• _GIVEN ENTRIES_
-*-
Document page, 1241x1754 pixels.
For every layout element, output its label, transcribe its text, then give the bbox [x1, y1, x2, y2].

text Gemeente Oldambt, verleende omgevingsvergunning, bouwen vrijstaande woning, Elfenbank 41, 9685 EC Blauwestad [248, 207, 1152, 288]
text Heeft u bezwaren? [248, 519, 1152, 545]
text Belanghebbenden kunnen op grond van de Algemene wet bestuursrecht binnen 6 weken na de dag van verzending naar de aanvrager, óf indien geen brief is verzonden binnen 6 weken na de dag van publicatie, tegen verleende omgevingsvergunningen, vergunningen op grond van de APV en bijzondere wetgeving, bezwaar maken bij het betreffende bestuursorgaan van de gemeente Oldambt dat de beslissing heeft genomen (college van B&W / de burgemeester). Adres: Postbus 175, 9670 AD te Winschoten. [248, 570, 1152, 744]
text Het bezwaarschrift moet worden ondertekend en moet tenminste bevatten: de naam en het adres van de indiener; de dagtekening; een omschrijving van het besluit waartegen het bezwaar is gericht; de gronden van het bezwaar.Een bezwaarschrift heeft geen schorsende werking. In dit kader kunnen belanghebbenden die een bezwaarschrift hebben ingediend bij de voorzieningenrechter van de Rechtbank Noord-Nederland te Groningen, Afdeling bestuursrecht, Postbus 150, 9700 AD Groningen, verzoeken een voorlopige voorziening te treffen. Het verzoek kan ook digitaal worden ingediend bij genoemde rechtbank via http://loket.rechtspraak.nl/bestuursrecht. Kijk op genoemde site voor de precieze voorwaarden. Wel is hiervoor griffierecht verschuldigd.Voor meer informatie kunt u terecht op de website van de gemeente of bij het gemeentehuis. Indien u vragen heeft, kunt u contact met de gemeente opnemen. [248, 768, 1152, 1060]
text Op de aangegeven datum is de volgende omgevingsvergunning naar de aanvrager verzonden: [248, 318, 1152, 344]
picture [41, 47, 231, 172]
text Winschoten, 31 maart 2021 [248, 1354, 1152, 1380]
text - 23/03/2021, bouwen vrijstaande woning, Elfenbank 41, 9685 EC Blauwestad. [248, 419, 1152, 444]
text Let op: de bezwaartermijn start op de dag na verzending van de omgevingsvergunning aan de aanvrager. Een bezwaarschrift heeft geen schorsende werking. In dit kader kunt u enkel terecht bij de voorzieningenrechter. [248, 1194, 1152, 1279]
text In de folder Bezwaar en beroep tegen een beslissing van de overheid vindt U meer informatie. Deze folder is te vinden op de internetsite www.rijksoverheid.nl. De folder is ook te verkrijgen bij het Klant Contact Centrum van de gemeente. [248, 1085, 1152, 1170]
-*-
• _WHAT TO WORK ON_
The entries shown above should be copied out word for word.

• _TASK RESPONSE_
Document page, 1241x1754 pixels.
For every layout element, output its label, transcribe its text, then give the bbox [x1, y1, x2, y2].

text Gemeente Oldambt, verleende omgevingsvergunning, bouwen vrijstaande woning, Elfenbank 41, 9685 EC Blauwestad [248, 207, 1152, 288]
text Heeft u bezwaren? [248, 519, 1152, 545]
text Belanghebbenden kunnen op grond van de Algemene wet bestuursrecht binnen 6 weken na de dag van verzending naar de aanvrager, óf indien geen brief is verzonden binnen 6 weken na de dag van publicatie, tegen verleende omgevingsvergunningen, vergunningen op grond van de APV en bijzondere wetgeving, bezwaar maken bij het betreffende bestuursorgaan van de gemeente Oldambt dat de beslissing heeft genomen (college van B&W / de burgemeester). Adres: Postbus 175, 9670 AD te Winschoten. [248, 570, 1152, 744]
text Het bezwaarschrift moet worden ondertekend en moet tenminste bevatten: de naam en het adres van de indiener; de dagtekening; een omschrijving van het besluit waartegen het bezwaar is gericht; de gronden van het bezwaar.Een bezwaarschrift heeft geen schorsende werking. In dit kader kunnen belanghebbenden die een bezwaarschrift hebben ingediend bij de voorzieningenrechter van de Rechtbank Noord-Nederland te Groningen, Afdeling bestuursrecht, Postbus 150, 9700 AD Groningen, verzoeken een voorlopige voorziening te treffen. Het verzoek kan ook digitaal worden ingediend bij genoemde rechtbank via http://loket.rechtspraak.nl/bestuursrecht. Kijk op genoemde site voor de precieze voorwaarden. Wel is hiervoor griffierecht verschuldigd.Voor meer informatie kunt u terecht op de website van de gemeente of bij het gemeentehuis. Indien u vragen heeft, kunt u contact met de gemeente opnemen. [248, 768, 1152, 1060]
text Op de aangegeven datum is de volgende omgevingsvergunning naar de aanvrager verzonden: [248, 318, 1152, 344]
picture [41, 47, 231, 172]
text Winschoten, 31 maart 2021 [248, 1354, 1152, 1380]
text - 23/03/2021, bouwen vrijstaande woning, Elfenbank 41, 9685 EC Blauwestad. [248, 419, 1152, 444]
text Let op: de bezwaartermijn start op de dag na verzending van de omgevingsvergunning aan de aanvrager. Een bezwaarschrift heeft geen schorsende werking. In dit kader kunt u enkel terecht bij de voorzieningenrechter. [248, 1194, 1152, 1279]
text In de folder Bezwaar en beroep tegen een beslissing van de overheid vindt U meer informatie. Deze folder is te vinden op de internetsite www.rijksoverheid.nl. De folder is ook te verkrijgen bij het Klant Contact Centrum van de gemeente. [248, 1085, 1152, 1170]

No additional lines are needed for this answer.